- ASSIGNED TASK
Your answer should be exactly the lines from the one that contains "Answer: Approximately 10.34%" through the final line of the entries below, and nothing else.

- DATA
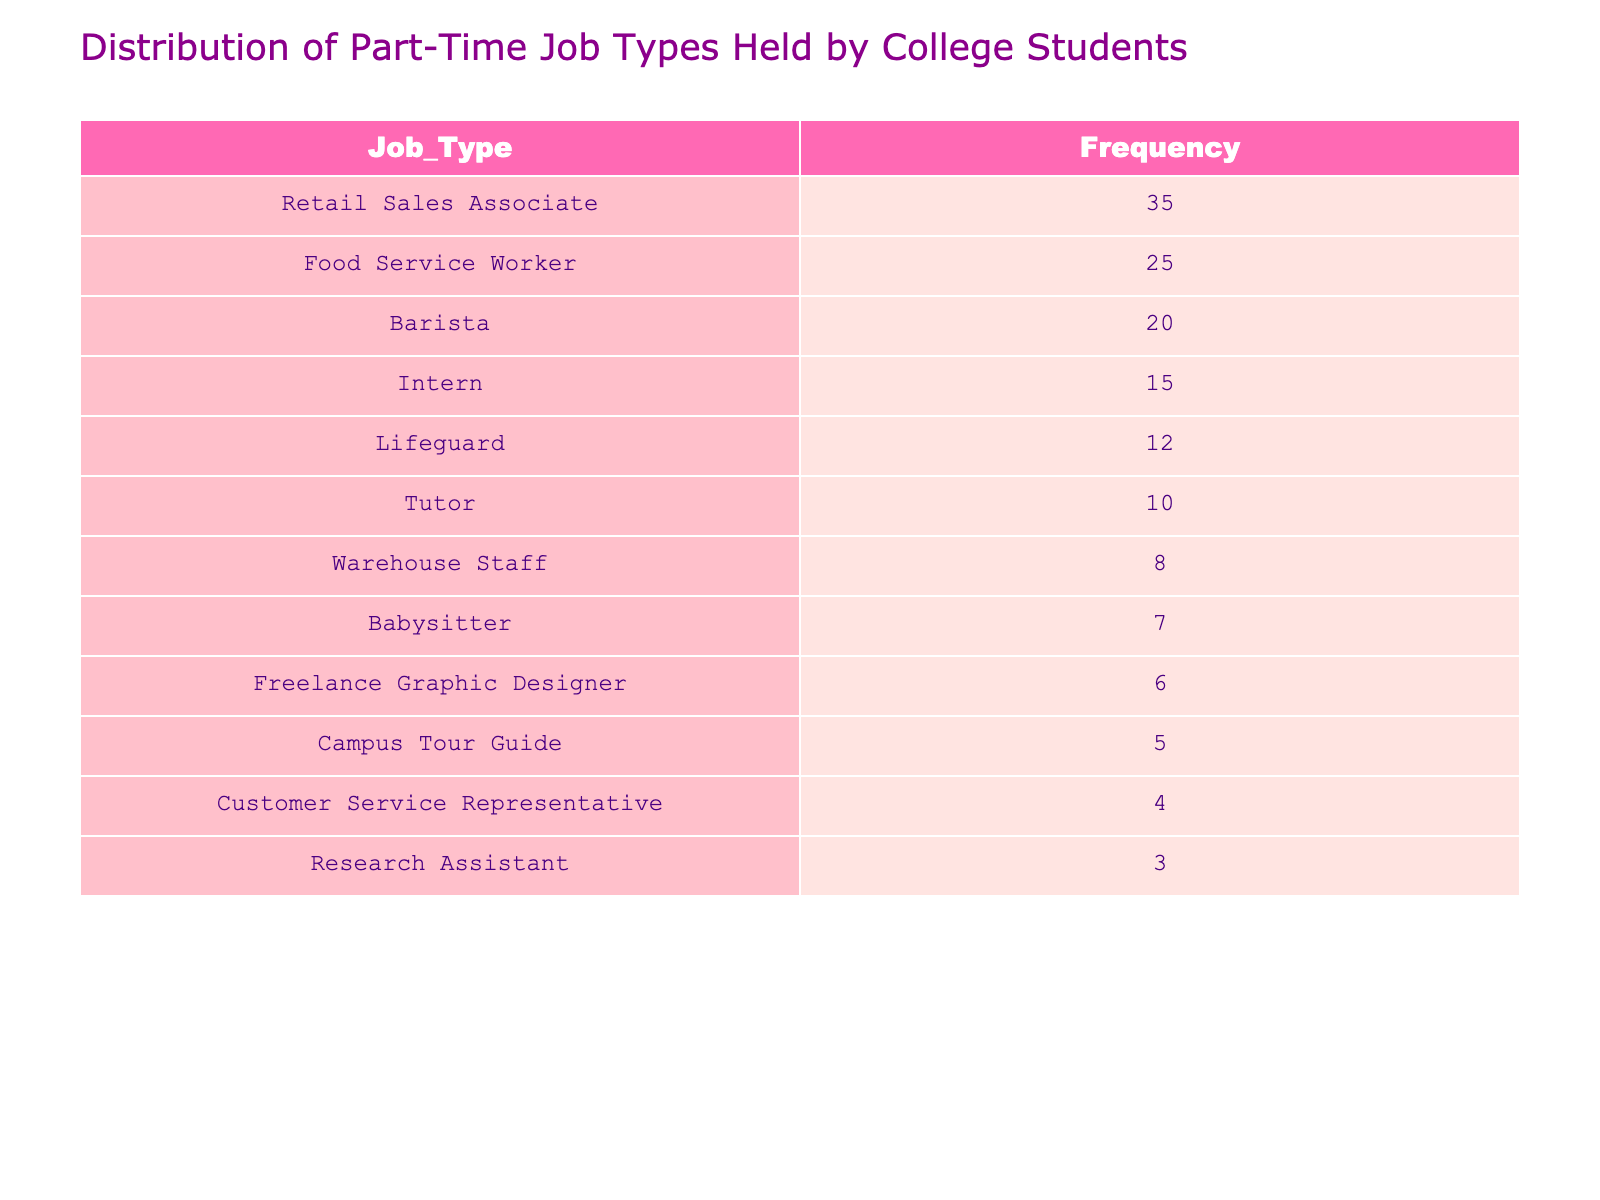What is the most common part-time job type held by college students? The table shows the frequency distribution of different job types. The job type with the highest frequency is "Retail Sales Associate" with 35 occurrences, which indicates it is the most common.
Answer: Retail Sales Associate What are the frequencies of "Food Service Worker" and "Barista"? Referring to the table, "Food Service Worker" has a frequency of 25 and "Barista" has a frequency of 20. These values can be read directly from the table.
Answer: Food Service Worker: 25, Barista: 20 Is there a part-time job type that has a frequency greater than 30? By checking the frequency values in the table, "Retail Sales Associate" is the only job type exceeding a frequency of 30, as it shows a frequency of 35. Other job types do not exceed this value.
Answer: Yes How many part-time job types have a frequency of less than 10? The table lists the job types with their frequencies, and the job types with a frequency less than 10 are "Warehouse Staff" with 8 and "Customer Service Representative" with 4, totaling 2 job types.
Answer: 2 What is the average frequency of part-time job types listed in the table? To calculate the average frequency, sum all the frequencies: 35 + 25 + 15 + 10 + 20 + 12 + 8 + 5 + 6 + 4 + 3 + 7 =  145. Then divide by the number of job types (12): 145 / 12 = approximately 12.08. Therefore, the average frequency is around 12.08.
Answer: Approximately 12.08 Which job type has a frequency closest to the median frequency among those listed? First, sort the frequencies: 3, 4, 5, 6, 7, 8, 10, 12, 15, 20, 25, 35. The median is the average of the 6th and 7th numbers in the sorted list (8 and 10), which is (8 + 10) / 2 = 9. The job type closest to the median frequency is "Babysitter" with a frequency of 7, as it is merely the closest below the median value.
Answer: Babysitter What percentage of students work in "Intern" positions compared to the total number of students in the table? The frequency for "Intern" positions is 15. First, find the total frequency: 145. Then, calculate the percentage as (15 / 145) * 100, which equals approximately 10.34%. This shows that about 10.34% of the students hold "Intern" positions.
Answer: Approximately 10.34% What is the total frequency of jobs related to customer service (Barista and Customer Service Representative)? The table lists the frequency for "Barista" as 20 and "Customer Service Representative" as 4. Adding these two gives 20 + 4 = 24, which indicates the total frequency of jobs related to customer service.
Answer: 24

- TASK SOLUTION
Answer: Approximately 10.34% What is the total frequency of jobs related to customer service (Barista and Customer Service Representative)? The table lists the frequency for "Barista" as 20 and "Customer Service Representative" as 4. Adding these two gives 20 + 4 = 24, which indicates the total frequency of jobs related to customer service.
Answer: 24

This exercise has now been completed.